The Summer I Turned Pretty: the Spectre Rises
- Justin Rosentover
- 47 minutes ago
- 2 min read

Spoiler Warning: There are spoilers ahead. However, since I haven't seen most of the series they can't be that bad. Also, your regular reminder that this is a satire newsletter. In the winter of 1991, the world changed forever. The Soviet Union, the largest country on the face of the Earth and greatest inheritor of Karl Marx, ended. It was quite possibly the most consequential event of the last 30 years. For some, it meant the end of their dreams of equality under socialism. For others, it lifted the great threat of nuclear war. The spectre which had loomed since October 1917 was lifted. The free world breathed a sigh of relief. 30 years later, the world has changed. And yet, a young woman named Isabel Conklin has come to the forefront of American culture. Ms. Conklin is of course, fictional, but nevertheless is a symbol of America's recent turn away from liberalism.

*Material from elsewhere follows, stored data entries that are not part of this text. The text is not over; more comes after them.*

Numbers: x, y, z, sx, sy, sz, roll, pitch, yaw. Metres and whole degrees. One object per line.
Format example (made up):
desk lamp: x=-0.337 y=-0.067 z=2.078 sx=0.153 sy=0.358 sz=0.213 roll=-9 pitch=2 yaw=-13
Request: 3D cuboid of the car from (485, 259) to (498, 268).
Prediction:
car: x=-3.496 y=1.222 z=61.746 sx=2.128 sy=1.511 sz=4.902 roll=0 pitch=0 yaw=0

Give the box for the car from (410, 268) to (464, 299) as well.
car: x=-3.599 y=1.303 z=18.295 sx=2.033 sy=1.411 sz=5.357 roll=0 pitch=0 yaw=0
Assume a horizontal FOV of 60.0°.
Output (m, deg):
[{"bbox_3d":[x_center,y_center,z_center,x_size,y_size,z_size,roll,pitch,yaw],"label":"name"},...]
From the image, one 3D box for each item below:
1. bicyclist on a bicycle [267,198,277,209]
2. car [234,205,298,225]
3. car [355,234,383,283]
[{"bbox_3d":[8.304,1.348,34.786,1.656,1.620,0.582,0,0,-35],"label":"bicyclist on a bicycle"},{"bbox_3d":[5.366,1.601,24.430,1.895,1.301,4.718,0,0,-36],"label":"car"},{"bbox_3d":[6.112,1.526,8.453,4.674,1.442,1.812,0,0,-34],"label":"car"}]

Conklin represents a certain class of Americans that has turned towards radicalism in recent years: the excess elite. Born to two academics, Conklin is firmly seated in the middle class. Between her connections with the Fisher family and her New England school background, she should be set to do better than her parents and secure a successful future. There is one shadow on this bright path. Conklin is far from the sharpest tool in her particular shed. She has access neither to the path of her alternating love interests—sans their seemingly infinite fortune—nor to the path of her brother. He's made a career and relationship out of being a semi-intelligent tech bro. Unfortunately for Conklin, she lacks the brainpower to pursue a similar career. Instead she is studying Sports Psychology, the stereotype of a nonsense social science subject, with hopes to do... something with her life. She hasn't really thought that part through.
This is the class that makes up the most fanatical supporters of Zohran Mamdani in New York. Disaffected left-wing young people who feel entitled to their prestige and wealth but are unable to obtain them. They, like the unemployable Marx and Lenin before them, turn towards radicalism. This is the new Red Threat to the liberal order. Not from the proletariat but from the would-be intelligentsia. Conklin hasn't found Socialism yet and so has settled for laziness and narcissism. Why else does she wear bright red on the cover of this newest season? Why does she flee to France if not to return to the home of radicalism? As the world braces against the rise of the populist right, it also faces the return of a familiar terror. The terror that killed tens of millions in the 20th century has creeped back into the 21st. The spectre of Communism is back. It isn't called that anymore, now it's Democratic Socialism and Anti-American Progressivism. Isabelle Conklin is merely the tip of the Marxism spear coming for the American heart.